TCP measures round trip time, and doesn't need packet loss to tell it that the round trip time is long. The retransmit interval will go up appropriately. TCP will behave reasonably with a long round trip time. If you're trying to do a bulk transfer, there's nothing wrong with this. The problem comes when short messages and bulk transfers are sharing the same channel. The short messages can spend too much time in the queue.
The solution is reordering the packets, not dropping them. That's what "fair queuing" is about. It may be worthwhile to implement fairness at the port-pair level, rather than the IP address level, at entry to the air link. Then low-traffic connections will get through faster.
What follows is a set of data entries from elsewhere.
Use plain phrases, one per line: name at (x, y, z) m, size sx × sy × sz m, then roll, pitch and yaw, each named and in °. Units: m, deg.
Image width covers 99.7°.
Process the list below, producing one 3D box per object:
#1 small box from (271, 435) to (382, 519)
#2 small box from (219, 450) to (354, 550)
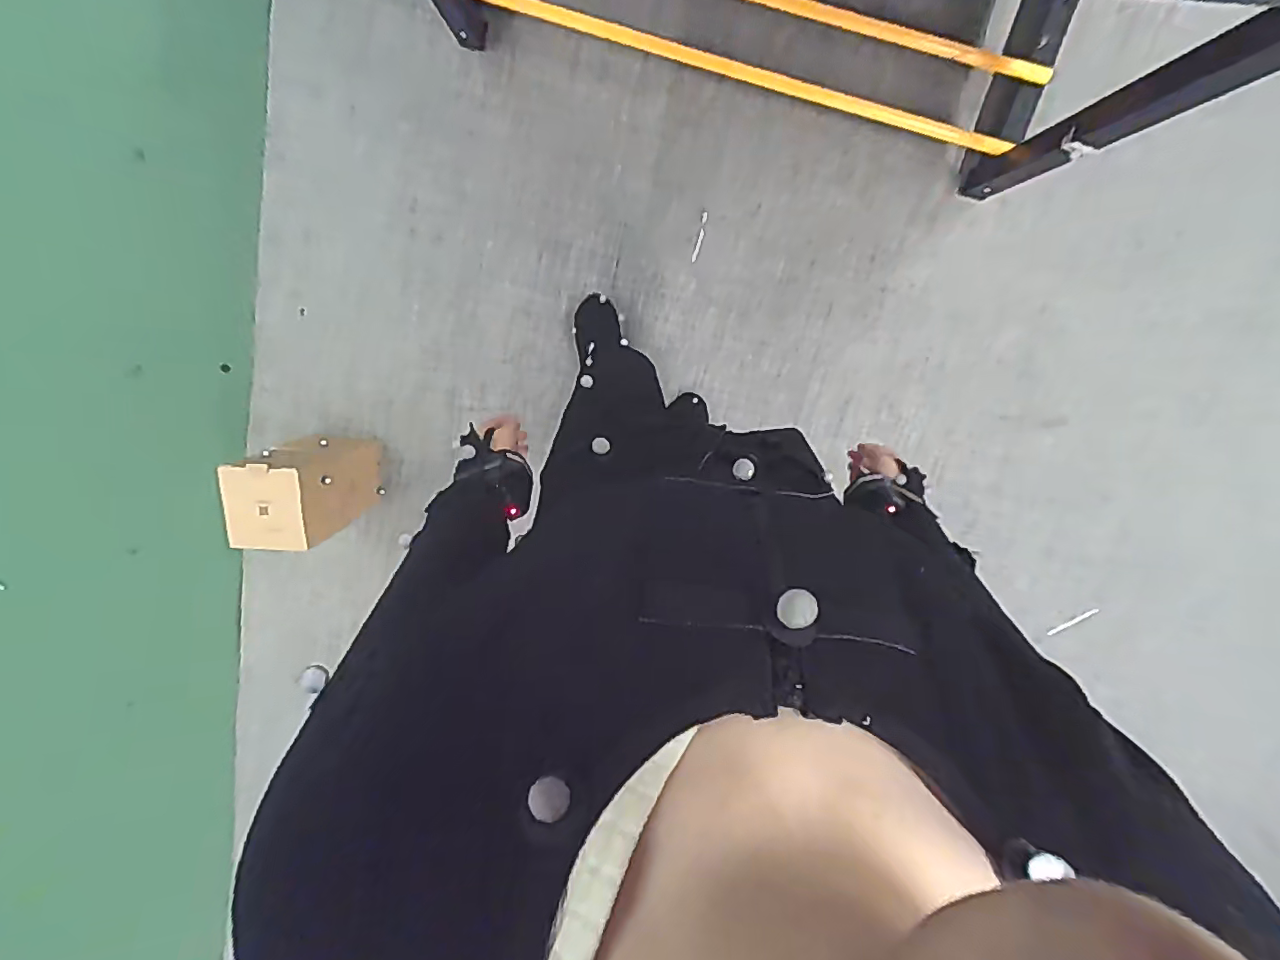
small box at (-0.744, -0.012, 1.307) m, size 0.179 × 0.176 × 0.168 m, roll 4°, pitch 104°, yaw 2°
small box at (-0.741, 0.035, 1.151) m, size 0.168 × 0.176 × 0.179 m, roll 2°, pitch 105°, yaw 3°

"Quality of service" can help, but it's not a panacea. The network layer can't tell which of the TCP connections on port 80 is highly interactive and which is a bulk download, other than by traffic volume.
(I used to do this stuff.)
1. the US is much bigger than Europe, with multiple overlapping jurisdictions. It's easy to cover any of the European countries, because they're small and there wasn't a technology transition.
2. there isn't as much rural subsidy for cellphones. Universal service was for landlines, mainly.
3. the problem is cost vs coverage. You can build out rural areas, but you make less money because there are less people. For urban areas, you start running into interference problems. Plus, you have to constantly build out your infrastructure (see AT&T's infrastructure problems).
Europe has it easy. It's not evil corporations (which, to be frank, is a retarded and simplistic view of how things work) - it's pure cost/benefit.
Example:
France: 211,207 square miles
Texas: 268,601 square miles
US: 3,537,441 square miles
If AT&T only had to operate in Texas, it would be able to do pretty well. AT&T's footprint is national, however. Do you develop Texas completely, or do you cover Michigan and Texas? How about extending to Missouri? etc etc.
Then that's current coverage; what about LTE? How about maintaining that infrastructure?